WHAT THE TASK ASKS: Please give every record below again exactly, and keep the pictures out.

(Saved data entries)
---+---

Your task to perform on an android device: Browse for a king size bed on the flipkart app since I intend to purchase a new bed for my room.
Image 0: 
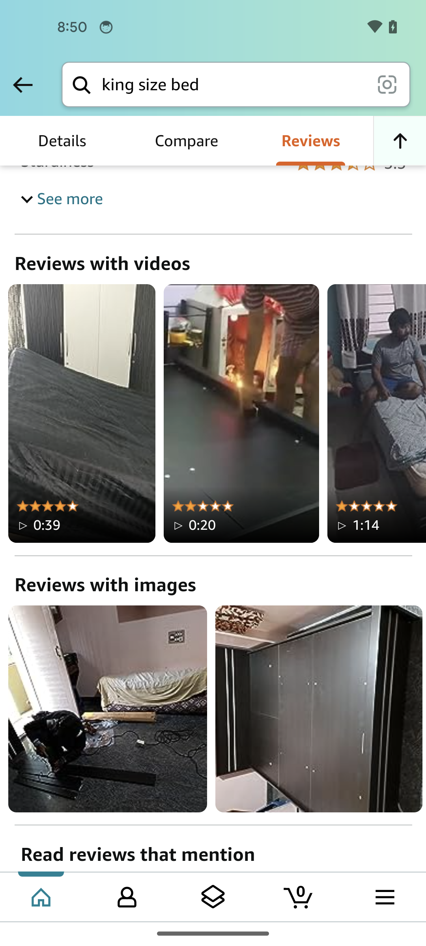
Open the flipkart app
Step 0: open app "Flipkart"
Image 1: 
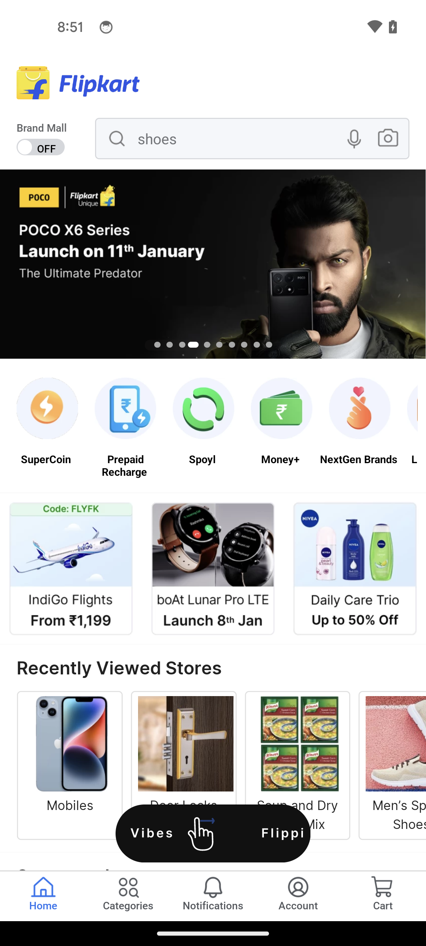
Tap on the search bar at the top of the screen
Step 1: click (239, 138)
Image 2: 
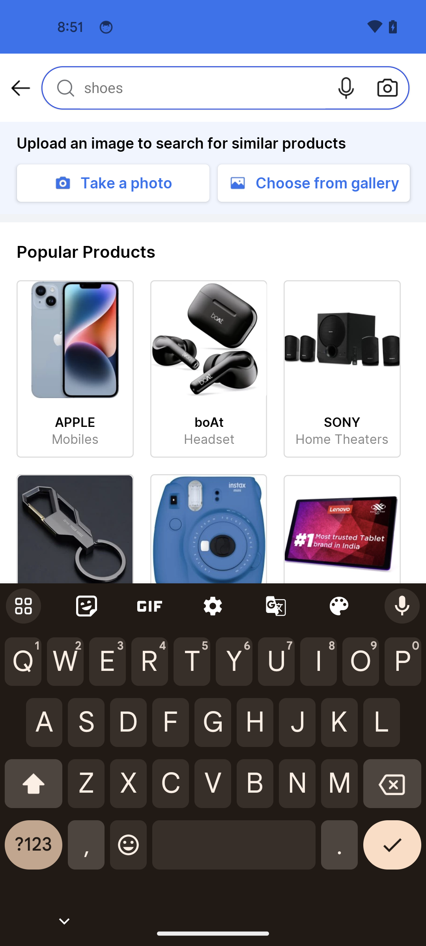
Search for a king size bed 
Step 2: type "king size bed"
Image 3: 
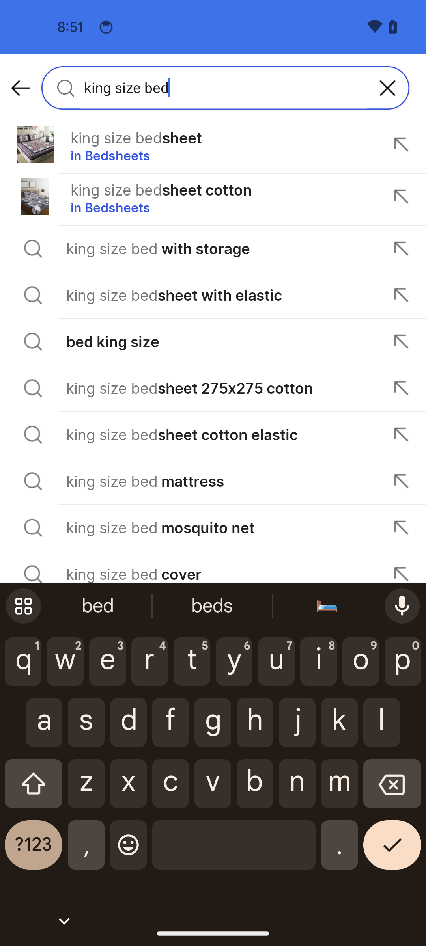
Select the fifth search result
Step 3: click (198, 342)
Image 4: 
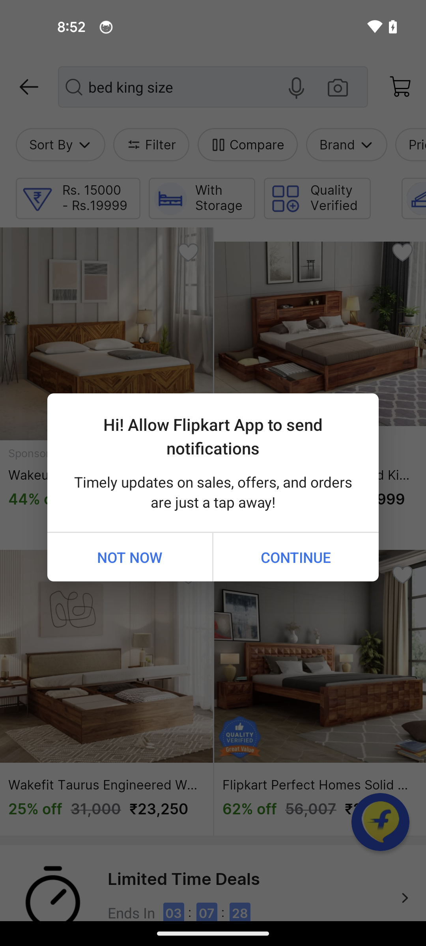
Tap on the continue option
Step 4: click (296, 557)
Image 5: 
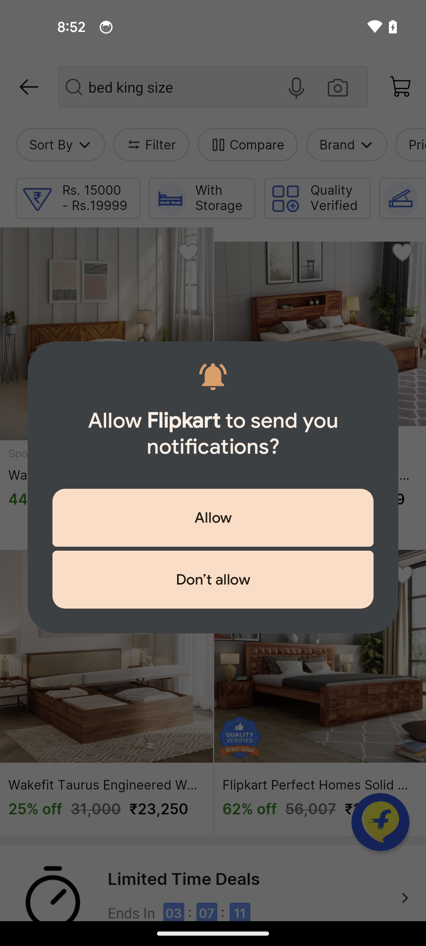
Tap on the allow button
Step 5: click (210, 517)
Image 6: 
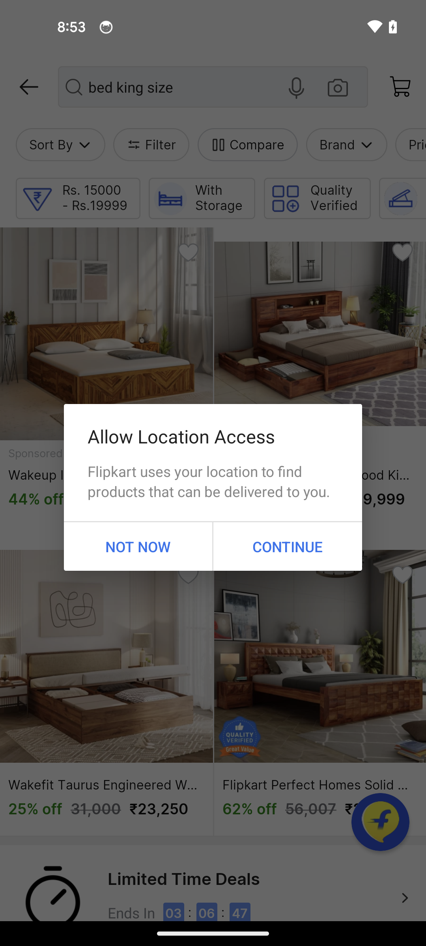
Tap on the allow button
Step 6: wait

---+---

EXERCISE SOLUTION:
Your task to perform on an android device: Browse for a king size bed on the flipkart app since I intend to purchase a new bed for my room.
Image 0: 
Open the flipkart app
Step 0: open app "Flipkart"
Image 1: 
Tap on the search bar at the top of the screen
Step 1: click (239, 138)
Image 2: 
Search for a king size bed 
Step 2: type "king size bed"
Image 3: 
Select the fifth search result
Step 3: click (198, 342)
Image 4: 
Tap on the continue option
Step 4: click (296, 557)
Image 5: 
Tap on the allow button
Step 5: click (210, 517)
Image 6: 
Tap on the allow button
Step 6: wait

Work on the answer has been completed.